SALT LAKE CITY -- The Food and Drug Administration is advising consumers to beware of false or misleading claims for treating autism.
The issue is more prominent in Utah than in many places, 1 in 54 children in the state fall on the autism spectrum disorder, according to the Centers for Disease Control.
It’s a statistic the FDA believes some businesses may take advantage of, if the public isn’t cautious. Click here for the recently released advisory.
“It’s important for folks to realize that there isn’t a medication or medical procedure which cures autism: It just doesn’t exist yet,” said Dr. Deborah Bilder, the medical director of the Autism Spectrum Disorder Clinic at the University of Utah.
Bilder agrees with the FDA’s advisory for consumers. Too often, she said, families will turn to unsupported treatments that don’t have any real benefits.
According to the FDA, some of the most common alternative therapies advertised include:
- Chelation Therapy
- Hyperbaric Oxygen Therapy
- Miracle Mineral Solution
- Detoxifying Clay Bath
- CocoKefir probiotic products
“Why we would use a procedure like hyperbaric oxygen when it has no FDA indication, why we would recommend that when it’s costly to families and it’s an unnecessary medical procedure, makes no sense to me,” Bilder said.

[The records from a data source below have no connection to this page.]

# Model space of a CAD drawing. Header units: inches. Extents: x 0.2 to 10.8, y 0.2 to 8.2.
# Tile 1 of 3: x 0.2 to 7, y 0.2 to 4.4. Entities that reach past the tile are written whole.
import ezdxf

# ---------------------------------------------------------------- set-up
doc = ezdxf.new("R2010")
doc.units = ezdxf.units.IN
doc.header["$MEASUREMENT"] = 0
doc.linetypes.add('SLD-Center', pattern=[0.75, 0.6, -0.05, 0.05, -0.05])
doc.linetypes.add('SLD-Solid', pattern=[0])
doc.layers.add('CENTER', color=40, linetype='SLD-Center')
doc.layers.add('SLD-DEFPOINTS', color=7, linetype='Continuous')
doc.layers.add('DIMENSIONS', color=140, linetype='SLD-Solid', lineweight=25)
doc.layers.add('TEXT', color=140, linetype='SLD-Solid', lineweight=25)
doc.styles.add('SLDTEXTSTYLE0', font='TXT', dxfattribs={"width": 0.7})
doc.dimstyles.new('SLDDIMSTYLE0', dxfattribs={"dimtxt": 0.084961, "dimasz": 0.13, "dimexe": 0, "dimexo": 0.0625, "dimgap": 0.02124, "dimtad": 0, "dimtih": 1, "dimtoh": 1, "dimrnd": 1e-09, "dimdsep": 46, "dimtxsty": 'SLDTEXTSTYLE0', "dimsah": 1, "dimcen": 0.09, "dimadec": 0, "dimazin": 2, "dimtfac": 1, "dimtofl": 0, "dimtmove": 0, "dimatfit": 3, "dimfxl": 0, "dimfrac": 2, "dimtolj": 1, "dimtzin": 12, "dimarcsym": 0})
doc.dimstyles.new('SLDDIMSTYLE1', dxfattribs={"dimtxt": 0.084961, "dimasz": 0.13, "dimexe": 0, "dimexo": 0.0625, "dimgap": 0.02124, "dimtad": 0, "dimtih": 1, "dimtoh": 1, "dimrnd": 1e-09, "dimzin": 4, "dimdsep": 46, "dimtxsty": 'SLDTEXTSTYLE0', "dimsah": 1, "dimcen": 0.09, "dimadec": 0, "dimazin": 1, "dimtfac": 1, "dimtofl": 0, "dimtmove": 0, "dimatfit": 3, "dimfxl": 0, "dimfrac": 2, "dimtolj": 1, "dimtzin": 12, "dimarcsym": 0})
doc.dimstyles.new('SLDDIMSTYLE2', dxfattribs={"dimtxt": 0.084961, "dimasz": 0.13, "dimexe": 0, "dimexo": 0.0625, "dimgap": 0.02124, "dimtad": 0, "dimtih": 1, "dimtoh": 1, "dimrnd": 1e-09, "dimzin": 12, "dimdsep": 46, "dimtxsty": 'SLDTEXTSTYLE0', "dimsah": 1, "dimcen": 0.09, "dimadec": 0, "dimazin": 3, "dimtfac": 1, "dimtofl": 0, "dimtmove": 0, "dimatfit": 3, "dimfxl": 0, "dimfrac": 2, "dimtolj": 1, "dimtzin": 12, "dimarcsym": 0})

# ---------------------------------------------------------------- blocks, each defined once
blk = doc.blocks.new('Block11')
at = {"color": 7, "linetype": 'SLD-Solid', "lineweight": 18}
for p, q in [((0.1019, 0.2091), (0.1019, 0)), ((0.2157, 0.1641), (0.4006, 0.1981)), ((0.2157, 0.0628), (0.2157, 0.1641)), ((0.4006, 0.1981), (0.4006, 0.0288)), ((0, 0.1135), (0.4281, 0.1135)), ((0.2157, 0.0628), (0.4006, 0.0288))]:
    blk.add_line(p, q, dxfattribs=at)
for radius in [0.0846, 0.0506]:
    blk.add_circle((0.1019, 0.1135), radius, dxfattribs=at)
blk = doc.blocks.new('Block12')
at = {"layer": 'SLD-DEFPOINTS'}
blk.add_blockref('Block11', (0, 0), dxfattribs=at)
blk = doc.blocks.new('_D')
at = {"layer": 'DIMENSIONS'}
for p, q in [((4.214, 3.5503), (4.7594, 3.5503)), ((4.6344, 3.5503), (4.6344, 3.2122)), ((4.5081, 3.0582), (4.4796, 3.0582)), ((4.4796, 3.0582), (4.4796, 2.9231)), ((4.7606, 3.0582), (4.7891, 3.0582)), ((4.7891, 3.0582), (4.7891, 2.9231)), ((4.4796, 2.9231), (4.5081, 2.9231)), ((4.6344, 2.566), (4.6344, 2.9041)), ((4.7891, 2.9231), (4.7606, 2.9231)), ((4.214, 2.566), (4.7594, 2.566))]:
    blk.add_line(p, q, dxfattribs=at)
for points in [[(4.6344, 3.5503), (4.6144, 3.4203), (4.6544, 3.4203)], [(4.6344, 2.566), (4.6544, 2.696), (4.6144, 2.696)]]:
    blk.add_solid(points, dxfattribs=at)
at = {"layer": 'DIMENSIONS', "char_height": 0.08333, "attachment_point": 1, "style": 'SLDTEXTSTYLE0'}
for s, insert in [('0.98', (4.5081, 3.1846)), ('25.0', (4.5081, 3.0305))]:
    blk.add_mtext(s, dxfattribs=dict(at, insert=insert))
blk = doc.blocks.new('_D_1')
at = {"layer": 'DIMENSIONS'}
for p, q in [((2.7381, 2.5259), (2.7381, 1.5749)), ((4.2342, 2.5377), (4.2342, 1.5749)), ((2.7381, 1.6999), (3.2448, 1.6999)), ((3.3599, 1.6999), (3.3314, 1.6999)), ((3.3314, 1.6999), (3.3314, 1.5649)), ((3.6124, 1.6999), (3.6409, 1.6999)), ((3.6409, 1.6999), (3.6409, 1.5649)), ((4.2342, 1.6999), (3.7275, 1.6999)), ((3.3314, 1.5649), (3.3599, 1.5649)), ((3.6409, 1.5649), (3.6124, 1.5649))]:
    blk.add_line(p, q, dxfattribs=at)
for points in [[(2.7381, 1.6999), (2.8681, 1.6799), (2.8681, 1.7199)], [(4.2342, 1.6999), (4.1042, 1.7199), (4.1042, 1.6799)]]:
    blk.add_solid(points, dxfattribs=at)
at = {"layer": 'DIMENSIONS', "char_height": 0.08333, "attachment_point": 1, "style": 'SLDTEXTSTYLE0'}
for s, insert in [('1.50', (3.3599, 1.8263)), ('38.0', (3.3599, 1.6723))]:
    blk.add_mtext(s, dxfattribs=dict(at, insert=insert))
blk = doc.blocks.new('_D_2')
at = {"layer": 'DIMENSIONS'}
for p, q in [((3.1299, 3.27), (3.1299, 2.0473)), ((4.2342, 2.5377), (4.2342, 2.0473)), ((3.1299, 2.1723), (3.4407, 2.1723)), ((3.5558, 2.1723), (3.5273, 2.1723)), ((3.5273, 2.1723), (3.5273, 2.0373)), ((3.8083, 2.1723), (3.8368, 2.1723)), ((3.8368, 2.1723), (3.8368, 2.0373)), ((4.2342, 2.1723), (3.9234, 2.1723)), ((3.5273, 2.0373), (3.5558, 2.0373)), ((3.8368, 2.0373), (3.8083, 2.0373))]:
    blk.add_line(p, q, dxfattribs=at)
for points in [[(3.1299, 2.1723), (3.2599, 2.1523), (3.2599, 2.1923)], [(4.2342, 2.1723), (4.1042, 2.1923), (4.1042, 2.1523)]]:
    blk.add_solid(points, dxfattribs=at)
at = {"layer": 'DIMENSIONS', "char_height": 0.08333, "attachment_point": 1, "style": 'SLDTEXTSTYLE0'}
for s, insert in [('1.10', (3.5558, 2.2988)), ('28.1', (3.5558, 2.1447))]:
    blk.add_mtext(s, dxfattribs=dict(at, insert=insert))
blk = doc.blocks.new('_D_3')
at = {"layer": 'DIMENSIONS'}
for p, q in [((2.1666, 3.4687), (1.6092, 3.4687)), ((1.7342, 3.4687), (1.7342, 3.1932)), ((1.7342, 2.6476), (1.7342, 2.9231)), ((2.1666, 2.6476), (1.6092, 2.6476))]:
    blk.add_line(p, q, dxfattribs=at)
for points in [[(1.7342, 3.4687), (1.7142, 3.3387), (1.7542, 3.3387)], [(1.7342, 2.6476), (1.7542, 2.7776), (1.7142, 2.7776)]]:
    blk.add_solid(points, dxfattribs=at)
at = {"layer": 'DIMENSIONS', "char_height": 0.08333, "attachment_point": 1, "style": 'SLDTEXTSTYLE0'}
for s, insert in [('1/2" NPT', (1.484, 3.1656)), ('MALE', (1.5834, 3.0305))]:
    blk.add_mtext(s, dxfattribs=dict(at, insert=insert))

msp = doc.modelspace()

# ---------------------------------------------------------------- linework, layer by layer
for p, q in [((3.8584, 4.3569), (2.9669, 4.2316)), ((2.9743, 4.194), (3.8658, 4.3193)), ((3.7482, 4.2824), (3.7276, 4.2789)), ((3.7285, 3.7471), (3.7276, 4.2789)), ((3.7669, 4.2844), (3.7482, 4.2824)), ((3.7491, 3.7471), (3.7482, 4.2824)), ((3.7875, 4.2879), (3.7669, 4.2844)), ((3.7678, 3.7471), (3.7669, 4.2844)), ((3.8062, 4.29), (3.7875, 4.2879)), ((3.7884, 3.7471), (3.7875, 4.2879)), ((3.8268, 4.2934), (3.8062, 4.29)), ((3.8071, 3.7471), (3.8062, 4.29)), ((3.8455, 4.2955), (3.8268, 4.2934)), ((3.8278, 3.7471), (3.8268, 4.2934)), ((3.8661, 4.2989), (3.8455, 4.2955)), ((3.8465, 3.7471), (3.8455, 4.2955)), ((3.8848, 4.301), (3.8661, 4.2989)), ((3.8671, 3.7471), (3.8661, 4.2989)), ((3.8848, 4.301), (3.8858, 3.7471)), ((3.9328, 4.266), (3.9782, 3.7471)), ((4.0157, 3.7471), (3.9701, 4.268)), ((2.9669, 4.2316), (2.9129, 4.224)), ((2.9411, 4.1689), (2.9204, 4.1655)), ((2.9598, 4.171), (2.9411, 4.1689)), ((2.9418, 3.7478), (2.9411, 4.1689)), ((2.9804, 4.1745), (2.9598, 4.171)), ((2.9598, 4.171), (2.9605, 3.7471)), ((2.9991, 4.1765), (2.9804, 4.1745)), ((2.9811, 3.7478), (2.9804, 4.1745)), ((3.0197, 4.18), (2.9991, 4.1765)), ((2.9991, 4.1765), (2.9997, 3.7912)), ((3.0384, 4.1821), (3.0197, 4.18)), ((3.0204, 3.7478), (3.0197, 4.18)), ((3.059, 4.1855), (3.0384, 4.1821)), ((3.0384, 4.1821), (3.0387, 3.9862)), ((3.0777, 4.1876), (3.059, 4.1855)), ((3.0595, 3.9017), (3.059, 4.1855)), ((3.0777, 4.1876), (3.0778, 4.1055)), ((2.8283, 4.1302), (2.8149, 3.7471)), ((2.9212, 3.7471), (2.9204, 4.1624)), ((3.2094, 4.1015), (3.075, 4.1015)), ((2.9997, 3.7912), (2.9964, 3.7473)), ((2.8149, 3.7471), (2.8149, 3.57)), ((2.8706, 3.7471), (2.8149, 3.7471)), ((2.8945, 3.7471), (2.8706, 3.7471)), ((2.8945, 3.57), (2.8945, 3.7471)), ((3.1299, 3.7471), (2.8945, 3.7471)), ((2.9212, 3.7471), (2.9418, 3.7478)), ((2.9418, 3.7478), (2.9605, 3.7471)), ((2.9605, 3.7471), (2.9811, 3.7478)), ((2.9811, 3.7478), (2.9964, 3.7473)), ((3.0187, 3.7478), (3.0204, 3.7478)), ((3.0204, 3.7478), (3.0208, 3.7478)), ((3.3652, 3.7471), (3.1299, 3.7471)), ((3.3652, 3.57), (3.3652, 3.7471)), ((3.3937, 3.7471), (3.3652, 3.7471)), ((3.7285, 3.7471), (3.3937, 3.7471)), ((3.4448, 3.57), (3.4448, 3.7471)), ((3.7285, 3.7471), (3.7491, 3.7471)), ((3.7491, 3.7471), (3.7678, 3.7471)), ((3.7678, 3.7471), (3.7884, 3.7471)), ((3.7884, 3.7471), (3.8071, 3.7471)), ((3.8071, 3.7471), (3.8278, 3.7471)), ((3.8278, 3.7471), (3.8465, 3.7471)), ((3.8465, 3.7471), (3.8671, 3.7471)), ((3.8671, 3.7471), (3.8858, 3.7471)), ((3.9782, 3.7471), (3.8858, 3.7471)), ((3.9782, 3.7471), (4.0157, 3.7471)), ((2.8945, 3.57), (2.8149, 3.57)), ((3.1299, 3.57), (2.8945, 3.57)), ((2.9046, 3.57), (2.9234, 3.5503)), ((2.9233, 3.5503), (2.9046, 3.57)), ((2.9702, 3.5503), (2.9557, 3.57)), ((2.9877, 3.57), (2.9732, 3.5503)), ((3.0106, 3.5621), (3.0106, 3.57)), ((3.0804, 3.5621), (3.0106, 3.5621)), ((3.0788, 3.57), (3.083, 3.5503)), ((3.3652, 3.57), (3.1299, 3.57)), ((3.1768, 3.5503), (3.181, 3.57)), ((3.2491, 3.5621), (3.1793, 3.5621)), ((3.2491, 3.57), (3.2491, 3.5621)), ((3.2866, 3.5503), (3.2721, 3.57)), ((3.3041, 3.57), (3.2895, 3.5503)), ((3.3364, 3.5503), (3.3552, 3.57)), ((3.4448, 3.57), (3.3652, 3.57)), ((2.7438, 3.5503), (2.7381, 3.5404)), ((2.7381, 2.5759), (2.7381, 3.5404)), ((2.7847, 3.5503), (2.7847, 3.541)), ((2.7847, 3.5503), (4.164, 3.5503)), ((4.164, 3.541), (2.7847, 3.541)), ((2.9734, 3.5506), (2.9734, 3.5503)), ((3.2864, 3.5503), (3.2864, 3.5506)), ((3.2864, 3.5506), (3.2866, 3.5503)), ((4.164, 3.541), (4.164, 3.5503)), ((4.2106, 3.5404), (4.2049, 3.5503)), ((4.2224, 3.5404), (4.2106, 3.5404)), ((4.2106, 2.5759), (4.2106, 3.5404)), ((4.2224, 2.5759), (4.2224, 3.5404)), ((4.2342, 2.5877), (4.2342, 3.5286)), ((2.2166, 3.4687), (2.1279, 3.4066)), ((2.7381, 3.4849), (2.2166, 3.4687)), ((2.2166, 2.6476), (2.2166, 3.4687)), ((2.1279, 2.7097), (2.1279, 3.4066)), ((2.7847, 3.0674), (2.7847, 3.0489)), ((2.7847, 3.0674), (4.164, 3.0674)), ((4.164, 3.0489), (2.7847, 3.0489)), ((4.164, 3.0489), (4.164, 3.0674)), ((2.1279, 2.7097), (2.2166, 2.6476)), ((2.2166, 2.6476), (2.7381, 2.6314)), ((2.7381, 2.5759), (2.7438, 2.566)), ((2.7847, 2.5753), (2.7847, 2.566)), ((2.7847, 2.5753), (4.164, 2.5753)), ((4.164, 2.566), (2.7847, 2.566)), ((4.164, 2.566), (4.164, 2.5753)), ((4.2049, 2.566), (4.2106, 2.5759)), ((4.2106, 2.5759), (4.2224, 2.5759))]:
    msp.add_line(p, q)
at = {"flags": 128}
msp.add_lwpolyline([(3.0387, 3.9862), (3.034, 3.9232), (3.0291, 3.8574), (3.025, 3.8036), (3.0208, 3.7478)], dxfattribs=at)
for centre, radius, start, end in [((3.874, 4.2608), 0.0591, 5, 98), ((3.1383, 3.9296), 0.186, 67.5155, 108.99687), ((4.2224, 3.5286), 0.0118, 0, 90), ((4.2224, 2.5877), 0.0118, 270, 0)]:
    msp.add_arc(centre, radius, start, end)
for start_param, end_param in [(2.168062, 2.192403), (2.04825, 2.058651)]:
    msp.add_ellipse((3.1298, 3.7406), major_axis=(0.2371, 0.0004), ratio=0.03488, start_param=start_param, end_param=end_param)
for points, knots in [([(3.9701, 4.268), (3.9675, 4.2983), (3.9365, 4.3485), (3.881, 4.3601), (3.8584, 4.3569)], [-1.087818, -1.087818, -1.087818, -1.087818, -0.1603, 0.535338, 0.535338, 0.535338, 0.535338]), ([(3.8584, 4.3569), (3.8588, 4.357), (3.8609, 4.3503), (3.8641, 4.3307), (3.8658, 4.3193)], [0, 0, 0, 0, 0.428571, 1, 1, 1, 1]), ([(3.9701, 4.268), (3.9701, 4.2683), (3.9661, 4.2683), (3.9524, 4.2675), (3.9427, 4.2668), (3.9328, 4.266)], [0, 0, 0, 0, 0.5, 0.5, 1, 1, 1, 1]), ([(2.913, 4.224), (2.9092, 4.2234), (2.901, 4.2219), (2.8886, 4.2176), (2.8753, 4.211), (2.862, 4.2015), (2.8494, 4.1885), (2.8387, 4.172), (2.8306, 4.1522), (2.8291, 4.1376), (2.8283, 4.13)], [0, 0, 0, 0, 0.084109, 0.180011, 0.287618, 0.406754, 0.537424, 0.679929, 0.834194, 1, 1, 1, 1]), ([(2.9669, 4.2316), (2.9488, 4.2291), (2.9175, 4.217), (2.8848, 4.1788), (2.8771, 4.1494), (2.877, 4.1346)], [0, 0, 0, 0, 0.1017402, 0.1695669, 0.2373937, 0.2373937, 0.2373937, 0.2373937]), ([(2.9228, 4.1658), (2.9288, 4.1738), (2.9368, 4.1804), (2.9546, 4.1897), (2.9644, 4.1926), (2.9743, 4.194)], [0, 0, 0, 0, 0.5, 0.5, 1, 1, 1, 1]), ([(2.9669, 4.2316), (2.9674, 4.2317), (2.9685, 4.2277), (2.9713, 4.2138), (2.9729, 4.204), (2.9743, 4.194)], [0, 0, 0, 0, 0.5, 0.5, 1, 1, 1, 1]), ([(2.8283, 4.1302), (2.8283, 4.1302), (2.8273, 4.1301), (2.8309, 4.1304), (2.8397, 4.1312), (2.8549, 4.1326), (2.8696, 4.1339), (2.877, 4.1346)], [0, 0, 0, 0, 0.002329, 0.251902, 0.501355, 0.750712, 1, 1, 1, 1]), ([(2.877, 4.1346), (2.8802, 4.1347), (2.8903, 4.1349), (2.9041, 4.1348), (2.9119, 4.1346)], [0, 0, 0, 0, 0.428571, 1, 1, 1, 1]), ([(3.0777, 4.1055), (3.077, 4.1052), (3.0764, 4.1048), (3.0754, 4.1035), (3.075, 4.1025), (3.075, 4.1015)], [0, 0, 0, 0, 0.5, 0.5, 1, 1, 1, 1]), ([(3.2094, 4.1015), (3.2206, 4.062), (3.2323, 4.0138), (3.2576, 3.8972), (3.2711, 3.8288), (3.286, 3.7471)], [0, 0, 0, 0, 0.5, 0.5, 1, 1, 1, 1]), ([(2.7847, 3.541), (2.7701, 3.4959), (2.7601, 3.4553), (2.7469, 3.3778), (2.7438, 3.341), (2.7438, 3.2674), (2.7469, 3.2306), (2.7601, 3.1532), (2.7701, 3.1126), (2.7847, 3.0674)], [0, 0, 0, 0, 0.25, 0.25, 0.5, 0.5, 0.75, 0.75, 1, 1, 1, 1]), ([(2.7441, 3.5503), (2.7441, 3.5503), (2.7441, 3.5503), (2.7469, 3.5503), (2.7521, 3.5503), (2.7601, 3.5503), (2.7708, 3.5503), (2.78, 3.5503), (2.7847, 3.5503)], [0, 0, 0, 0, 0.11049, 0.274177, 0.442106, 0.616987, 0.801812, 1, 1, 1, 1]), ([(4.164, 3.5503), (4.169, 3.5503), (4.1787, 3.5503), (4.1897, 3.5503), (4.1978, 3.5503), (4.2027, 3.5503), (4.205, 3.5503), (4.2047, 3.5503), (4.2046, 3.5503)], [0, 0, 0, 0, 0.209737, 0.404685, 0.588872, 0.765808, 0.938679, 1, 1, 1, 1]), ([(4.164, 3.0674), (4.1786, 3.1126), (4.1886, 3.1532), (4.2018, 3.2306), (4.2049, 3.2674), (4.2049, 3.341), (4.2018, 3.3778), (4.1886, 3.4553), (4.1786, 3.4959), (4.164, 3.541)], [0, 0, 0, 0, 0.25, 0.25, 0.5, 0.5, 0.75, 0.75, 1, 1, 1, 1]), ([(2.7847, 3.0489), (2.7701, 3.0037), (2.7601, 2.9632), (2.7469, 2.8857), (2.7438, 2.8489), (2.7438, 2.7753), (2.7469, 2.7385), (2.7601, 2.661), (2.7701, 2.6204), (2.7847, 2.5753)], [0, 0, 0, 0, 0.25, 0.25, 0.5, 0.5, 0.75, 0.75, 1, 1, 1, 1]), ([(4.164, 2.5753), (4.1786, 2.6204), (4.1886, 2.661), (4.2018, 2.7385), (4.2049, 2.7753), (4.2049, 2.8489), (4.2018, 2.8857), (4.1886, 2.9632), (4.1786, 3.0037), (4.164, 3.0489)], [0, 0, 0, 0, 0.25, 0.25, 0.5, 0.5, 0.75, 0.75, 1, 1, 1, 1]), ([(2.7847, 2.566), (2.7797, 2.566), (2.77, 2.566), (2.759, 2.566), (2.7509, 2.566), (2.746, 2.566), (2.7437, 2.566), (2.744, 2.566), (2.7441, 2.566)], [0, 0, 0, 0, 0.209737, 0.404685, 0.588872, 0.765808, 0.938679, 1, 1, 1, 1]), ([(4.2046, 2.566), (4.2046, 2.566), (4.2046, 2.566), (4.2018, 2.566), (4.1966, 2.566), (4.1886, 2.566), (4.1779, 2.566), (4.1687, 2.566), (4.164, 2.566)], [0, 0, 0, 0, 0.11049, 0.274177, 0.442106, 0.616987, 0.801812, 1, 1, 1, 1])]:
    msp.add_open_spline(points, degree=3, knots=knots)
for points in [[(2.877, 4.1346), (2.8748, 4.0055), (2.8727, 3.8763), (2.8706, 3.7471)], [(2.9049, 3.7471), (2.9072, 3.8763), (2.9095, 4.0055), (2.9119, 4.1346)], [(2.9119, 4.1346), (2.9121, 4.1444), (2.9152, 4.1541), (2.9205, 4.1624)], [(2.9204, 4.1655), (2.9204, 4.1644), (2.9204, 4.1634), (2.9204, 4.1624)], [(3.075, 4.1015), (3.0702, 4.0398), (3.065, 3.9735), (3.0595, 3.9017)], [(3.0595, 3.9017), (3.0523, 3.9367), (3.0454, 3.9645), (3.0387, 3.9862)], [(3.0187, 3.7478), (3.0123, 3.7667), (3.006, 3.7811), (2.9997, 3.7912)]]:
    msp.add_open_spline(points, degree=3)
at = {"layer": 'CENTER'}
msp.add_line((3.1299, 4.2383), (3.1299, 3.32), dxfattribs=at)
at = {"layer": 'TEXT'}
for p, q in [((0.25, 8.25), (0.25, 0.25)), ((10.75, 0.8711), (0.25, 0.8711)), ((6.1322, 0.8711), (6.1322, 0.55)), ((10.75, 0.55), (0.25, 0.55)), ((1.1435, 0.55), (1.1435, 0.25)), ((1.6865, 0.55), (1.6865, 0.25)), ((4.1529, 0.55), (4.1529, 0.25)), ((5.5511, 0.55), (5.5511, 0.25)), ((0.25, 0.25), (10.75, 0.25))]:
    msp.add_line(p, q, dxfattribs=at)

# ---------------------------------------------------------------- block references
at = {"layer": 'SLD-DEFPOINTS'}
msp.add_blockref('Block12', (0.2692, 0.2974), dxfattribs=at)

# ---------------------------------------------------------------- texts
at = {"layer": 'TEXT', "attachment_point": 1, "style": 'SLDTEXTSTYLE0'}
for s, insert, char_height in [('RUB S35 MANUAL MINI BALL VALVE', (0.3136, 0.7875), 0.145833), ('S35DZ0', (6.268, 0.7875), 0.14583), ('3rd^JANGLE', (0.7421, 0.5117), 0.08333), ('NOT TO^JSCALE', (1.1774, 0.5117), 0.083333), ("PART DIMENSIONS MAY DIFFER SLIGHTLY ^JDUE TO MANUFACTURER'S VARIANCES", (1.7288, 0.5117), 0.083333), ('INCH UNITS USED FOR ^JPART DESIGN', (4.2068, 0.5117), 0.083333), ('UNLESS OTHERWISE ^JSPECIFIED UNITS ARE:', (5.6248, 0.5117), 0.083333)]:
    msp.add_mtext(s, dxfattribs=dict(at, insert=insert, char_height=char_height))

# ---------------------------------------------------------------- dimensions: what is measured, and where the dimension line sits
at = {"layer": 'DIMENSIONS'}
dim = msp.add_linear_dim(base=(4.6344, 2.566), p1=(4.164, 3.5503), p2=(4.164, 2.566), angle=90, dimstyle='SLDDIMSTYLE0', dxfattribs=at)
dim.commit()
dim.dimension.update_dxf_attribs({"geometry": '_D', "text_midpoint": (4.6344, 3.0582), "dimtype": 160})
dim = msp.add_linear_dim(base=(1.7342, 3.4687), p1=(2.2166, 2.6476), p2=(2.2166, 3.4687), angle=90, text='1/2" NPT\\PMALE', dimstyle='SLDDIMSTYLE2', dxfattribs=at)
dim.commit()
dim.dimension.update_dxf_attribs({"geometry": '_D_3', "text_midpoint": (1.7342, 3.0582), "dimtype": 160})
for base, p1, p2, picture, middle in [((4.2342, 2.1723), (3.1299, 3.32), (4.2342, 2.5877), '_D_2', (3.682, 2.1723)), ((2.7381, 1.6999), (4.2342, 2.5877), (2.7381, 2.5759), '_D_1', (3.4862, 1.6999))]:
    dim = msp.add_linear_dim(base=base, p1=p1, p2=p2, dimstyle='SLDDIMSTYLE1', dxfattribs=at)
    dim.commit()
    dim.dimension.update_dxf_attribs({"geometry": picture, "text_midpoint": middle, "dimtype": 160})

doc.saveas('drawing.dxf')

But other medical professionals have found success in alternative methods.
“We know that the autistic brain is an inflamed brain,” said Dr. Sherman Johnson, medical director of Advanced Wound Care Center in Taylorsville. “We know the children with autism have inflamed intestinal tracts. The gut problems with autistic children are really significant. And hyperbaric oxygen can reduce all of that inflammation.”
For the last decade, Sherman has been using hyperbaric chambers to treat wounded patients, but the common procedure has also attracted patients with autism spectrum disorder.
“I won’t say that I treat autism spectrum patients,” Johnson said. “We do provide hyperbaric oxygen treatments for them, with the understanding that they may or may not be helped.”
But for the few clients he has seen, Sherman believes the treatments have been successful.
“The most interesting and dramatic effect is in their socialization and language development,” Sherman said. “They gain, rather quickly, new vocabulary, new receptive language skills and expressive language skills.”
Still, the FDA advises consumers to proceed with caution when seeking alternative treatment methods. They recommend the public be suspicious of any places or products that claim to treat a wide range of diseases, or ones that offer testimonials instead of scientific evidence.